PNM’s 2017-2023 IRP targets zero coal by 2031, Xcel released a plan to make 85 percent of its Minnesota power mix carbon-free by 2030, Ameren is investing $1 billion in renewables to cut emissions 80 percent by 2050, while We Energies will close a 1.2 gigawatt coal plant in 2018 and partially replace it with Wisconsin’s largest solar array.
Dozens of other coal closure announcements happened in 2017 because wind, solar, and storage prices are on a solid downward trend while the costs of other power generation technologies stay flat.
This momentum is promising because the federal government can only do so much tinkering with power markets – when wholesale markets are left alone, like in Texas, renewables beat coal on cost. Federal efforts may delay coal closure announcements in 2018, but these delays come at the expense of utility customers, and I expect similar utility decisions to continue based on market fundamentals.
5. DER aggregation will rev up — Jon Wellinghoff, former chairman of the Federal Energy Regulatory Commission
In 2018, developers will begin to aggregate distributed energy resources (DERs- distributed generation, demand response, storage, control management systems etc.) to provide multiple grid services and collect revenue from multiple value streams.
We are seeing several prospective opportunities in California. East Bay Clean Energy (a community choice aggregation agency in Alameda County) and PG&E announced the West Oakland Clean Energy Project. There aggregated DERs will provide transmission services that would otherwise be provided by a new conventional 230 kV transmission line.

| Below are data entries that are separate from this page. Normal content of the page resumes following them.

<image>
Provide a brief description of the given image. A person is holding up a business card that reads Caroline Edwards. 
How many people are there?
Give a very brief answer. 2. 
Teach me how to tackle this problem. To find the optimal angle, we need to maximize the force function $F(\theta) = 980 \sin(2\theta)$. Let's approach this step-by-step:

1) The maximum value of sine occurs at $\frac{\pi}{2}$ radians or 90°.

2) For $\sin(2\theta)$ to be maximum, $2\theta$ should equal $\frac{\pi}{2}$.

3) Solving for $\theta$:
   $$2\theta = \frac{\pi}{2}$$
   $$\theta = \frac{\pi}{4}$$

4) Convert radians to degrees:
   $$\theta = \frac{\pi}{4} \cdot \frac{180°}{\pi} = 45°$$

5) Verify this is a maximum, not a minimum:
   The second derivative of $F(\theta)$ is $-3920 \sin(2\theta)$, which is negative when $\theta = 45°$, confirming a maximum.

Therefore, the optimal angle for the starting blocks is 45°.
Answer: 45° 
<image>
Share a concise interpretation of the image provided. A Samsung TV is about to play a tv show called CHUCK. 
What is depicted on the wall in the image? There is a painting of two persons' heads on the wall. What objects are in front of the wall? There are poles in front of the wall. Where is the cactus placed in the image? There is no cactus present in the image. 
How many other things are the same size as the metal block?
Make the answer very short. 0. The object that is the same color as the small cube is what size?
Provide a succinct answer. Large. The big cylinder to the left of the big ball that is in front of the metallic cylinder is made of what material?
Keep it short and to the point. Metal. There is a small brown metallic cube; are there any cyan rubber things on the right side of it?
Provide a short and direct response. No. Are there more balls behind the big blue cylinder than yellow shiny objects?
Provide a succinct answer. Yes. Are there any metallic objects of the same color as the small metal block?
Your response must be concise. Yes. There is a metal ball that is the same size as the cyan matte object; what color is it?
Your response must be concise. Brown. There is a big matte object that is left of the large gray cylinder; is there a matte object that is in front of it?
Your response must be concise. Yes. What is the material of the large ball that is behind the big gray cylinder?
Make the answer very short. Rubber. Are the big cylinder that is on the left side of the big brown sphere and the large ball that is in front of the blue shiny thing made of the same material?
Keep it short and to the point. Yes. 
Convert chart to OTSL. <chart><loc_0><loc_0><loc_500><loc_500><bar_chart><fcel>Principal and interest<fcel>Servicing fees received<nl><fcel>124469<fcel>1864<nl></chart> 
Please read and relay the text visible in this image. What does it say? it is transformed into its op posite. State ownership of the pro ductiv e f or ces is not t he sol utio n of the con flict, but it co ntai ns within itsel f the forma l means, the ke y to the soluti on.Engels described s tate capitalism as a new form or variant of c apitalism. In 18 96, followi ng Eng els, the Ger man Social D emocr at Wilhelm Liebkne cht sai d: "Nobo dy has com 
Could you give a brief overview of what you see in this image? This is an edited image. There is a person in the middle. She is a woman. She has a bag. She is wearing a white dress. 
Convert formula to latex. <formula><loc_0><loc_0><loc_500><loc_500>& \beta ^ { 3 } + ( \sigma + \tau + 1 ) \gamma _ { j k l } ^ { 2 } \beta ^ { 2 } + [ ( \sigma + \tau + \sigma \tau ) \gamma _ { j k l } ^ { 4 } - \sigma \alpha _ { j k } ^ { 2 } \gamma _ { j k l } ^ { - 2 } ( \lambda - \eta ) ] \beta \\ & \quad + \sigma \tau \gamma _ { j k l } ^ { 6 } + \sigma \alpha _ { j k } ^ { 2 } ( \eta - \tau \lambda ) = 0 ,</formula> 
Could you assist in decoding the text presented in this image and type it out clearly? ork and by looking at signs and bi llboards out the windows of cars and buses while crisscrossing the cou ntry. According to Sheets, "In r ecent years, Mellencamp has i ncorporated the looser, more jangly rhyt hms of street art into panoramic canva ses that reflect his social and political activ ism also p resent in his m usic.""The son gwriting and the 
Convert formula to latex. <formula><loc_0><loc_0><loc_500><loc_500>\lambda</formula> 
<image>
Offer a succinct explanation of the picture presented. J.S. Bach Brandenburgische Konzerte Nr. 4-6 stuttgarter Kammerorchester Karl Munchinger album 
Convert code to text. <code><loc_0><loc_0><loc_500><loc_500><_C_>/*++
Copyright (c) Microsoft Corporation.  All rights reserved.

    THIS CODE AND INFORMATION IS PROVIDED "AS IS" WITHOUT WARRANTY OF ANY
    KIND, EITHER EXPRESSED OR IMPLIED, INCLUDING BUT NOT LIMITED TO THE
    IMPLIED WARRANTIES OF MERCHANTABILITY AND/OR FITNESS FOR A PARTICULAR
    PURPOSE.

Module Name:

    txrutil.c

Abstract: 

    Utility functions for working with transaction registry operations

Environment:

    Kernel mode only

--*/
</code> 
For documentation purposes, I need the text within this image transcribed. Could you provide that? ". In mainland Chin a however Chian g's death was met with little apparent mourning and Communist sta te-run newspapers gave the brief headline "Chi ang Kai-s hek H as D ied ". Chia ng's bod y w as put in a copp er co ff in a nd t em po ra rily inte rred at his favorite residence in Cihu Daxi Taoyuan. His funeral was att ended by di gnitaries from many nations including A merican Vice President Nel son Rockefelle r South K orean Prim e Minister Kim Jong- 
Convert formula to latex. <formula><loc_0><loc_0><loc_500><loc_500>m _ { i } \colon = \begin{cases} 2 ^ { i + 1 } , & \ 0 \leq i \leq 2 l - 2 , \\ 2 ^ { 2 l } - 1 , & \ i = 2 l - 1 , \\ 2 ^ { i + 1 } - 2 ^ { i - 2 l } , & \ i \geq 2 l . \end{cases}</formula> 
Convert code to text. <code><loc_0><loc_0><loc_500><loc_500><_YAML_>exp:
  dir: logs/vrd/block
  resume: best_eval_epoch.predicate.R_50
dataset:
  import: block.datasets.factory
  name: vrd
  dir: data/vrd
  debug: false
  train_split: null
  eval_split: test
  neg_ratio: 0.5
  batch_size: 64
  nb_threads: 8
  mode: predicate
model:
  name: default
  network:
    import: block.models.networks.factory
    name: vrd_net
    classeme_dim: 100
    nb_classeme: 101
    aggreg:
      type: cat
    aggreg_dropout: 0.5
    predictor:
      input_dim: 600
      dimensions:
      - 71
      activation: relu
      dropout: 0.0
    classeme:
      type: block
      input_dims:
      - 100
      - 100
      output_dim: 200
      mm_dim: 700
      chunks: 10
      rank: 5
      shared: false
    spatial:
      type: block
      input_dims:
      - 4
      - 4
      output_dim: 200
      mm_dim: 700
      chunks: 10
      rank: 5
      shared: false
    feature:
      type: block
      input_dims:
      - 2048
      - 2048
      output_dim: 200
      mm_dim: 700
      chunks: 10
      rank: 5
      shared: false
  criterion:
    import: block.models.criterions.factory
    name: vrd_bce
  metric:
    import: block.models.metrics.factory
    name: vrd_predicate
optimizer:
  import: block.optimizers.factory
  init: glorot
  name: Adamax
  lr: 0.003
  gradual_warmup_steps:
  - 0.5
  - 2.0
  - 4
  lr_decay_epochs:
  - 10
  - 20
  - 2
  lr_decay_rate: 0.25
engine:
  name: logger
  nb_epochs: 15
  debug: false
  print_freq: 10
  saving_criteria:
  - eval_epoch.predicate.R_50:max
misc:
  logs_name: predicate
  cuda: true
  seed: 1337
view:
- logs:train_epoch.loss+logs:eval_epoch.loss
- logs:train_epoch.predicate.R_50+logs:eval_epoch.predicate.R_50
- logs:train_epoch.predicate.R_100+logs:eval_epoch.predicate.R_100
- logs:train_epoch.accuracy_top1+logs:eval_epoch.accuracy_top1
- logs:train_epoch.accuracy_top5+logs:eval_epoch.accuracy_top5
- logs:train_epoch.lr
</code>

The California PUC announced over 700 MW of DER aggregation opportunity to substitute for three RMR (CASIO Reliability Must Run) power plants the CPUC wants shut down due to expense of keeping those plants operational to meet reliability needs only several hours of the year. Aggregation of DERs can supply that need while also realizing additional revenue opportunities during other hours of the year when the need is not there.
So aggregated DERs will institute a transformation where such resources, both in front of and behind the meter, will provide not only energy, capacity, and ancillary services, but transmission services as well. And get paid for each discreet service offering, making aggregated DERs truly the most cost effective “all purpose tool” on the grid.